The best part of hiking in the fall is a personal tour of the forest’s biggest show: changing leaves. Check out our fall color guide to see when the perfect time is to catch the leaves at their peak near you.

You told us some of the best trails to hike to feel the crunch of leaves under your feet and to get great views of the trees as they change colors, including the 92-mile-long Fred Meijer White Pine Trail in Cadillac. Other popular spots to catch fall color include Lake of the Clouds in Porcupine Mountains Wilderness State Park, P.J. Hoffmaster, Pigeon River Forest and Bald Mountain Recreation Area.

You also tipped us off to Copper Harbor in the U.P., where Brockway Mountain Drive offers a 9.5-mile-long drive for visitors to take in the scenery and fall colors, with breathtaking views of Lake Superior.

Fall doesn’t mean the end of camping season in Michigan: some state park campgrounds are open year-round. Your favorites are Wilderness State Park, Sleepy Hollow, the Platte River State Forest, Copper Harbor, Petoskey State Park and Bobcat Lake in the U.P.

Heading out to your favorite state park or trail this fall?
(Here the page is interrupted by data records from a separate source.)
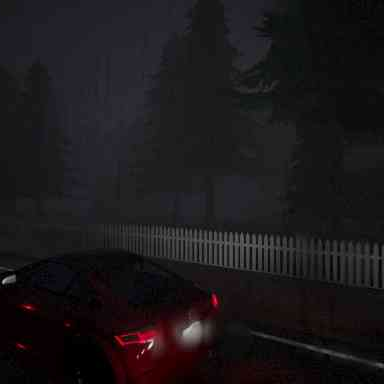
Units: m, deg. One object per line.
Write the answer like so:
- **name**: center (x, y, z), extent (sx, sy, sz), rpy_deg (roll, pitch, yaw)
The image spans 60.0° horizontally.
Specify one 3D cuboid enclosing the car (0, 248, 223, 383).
- **car**: center (-1.644, 1.564, 4.963), extent (4.181, 1.385, 1.994), rpy_deg (0, 0, 35)
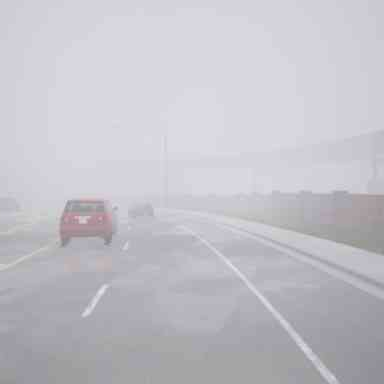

Don’t forget  to stay hydrated and to pack a first aid kit and sunscreen – even through the winter months. Stave off the chill in the air with a big mug of hot cocoa as you cozy up to the campfire. And there’s one phrase to remember when you’re outdoors in the fall in Michigan: dress in layers.

If you missed the Twitter chat, share your favorite Michigan state parks and fall hikes with us in the comments below.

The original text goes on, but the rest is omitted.